Task item. When a line below contains the string "name", show that line.

Given data.
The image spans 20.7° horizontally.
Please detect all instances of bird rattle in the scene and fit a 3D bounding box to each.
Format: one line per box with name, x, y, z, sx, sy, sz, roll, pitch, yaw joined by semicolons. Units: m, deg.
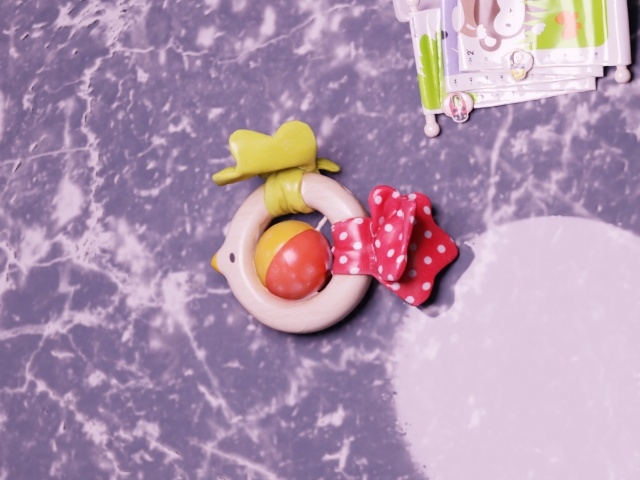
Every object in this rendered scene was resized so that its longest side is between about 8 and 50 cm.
bird rattle;0.000;0.000;1.782;0.253;0.143;0.207;38;104;13

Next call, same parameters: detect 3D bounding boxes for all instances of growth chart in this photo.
growth chart;0.199;-0.213;1.758;0.237;0.021;0.172;-13;96;18

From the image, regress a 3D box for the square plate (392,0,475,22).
square plate;0.221;-0.420;1.819;0.347;0.049;0.344;-14;71;18
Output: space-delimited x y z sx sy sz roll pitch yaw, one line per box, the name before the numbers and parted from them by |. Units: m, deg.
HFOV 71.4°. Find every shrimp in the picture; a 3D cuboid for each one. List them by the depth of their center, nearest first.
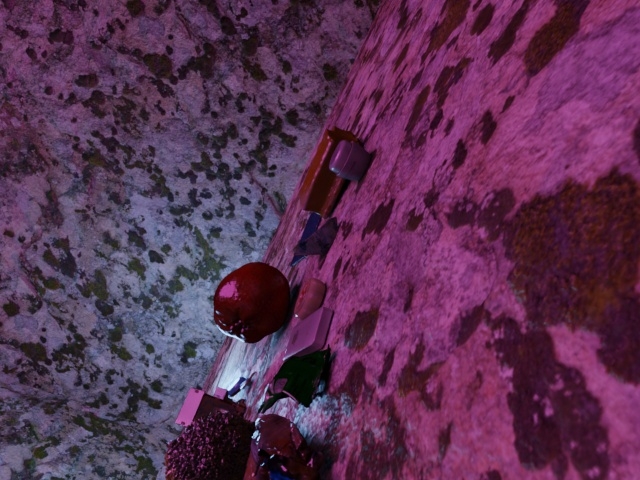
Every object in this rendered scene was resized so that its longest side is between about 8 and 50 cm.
shrimp | -0.092 0.440 0.840 0.445 0.110 0.221 127 158 -61

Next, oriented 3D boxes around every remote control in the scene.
remote control | -0.037 0.246 1.138 0.250 0.034 0.103 -47 22 57

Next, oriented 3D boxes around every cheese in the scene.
cheese | -0.312 0.565 1.741 0.106 0.037 0.256 -50 5 -37

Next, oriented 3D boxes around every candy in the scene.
candy | -0.059 0.296 0.960 0.141 0.078 0.203 -37 1 -42

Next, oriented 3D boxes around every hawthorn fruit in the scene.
hawthorn fruit | -0.234 0.192 1.599 0.287 0.287 0.330 -57 9 39

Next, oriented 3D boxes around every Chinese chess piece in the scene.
Chinese chess piece | -0.030 0.164 1.236 0.122 0.051 0.122 -157 90 -79

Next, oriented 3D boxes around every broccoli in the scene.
broccoli | -0.284 0.573 1.156 0.288 0.235 0.260 -20 -30 -51

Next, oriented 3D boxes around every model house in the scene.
model house | -0.402 0.623 1.621 0.271 0.206 0.178 136 155 -64

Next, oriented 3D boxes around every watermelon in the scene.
watermelon | 0.000 0.001 1.409 0.180 0.081 0.094 -42 5 27

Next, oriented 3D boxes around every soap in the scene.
soap | 0.034 -0.255 1.616 0.259 0.143 0.281 -89 20 -63

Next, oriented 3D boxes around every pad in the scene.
pad | -0.050 -0.028 1.836 0.269 0.012 0.269 -70 11 -19

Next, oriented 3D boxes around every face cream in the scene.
face cream | 0.091 -0.249 1.391 0.117 0.104 0.117 -61 13 25

Written solution.
Format: one line per box with name, x, y, z, sx, sy, sz, roll, pitch, yaw joined by semicolons. Units: m, deg.
Output: space-delimited x y z sx sy sz roll pitch yaw, one line per box, the name before the numbers and parted from them by |. Units: m, deg.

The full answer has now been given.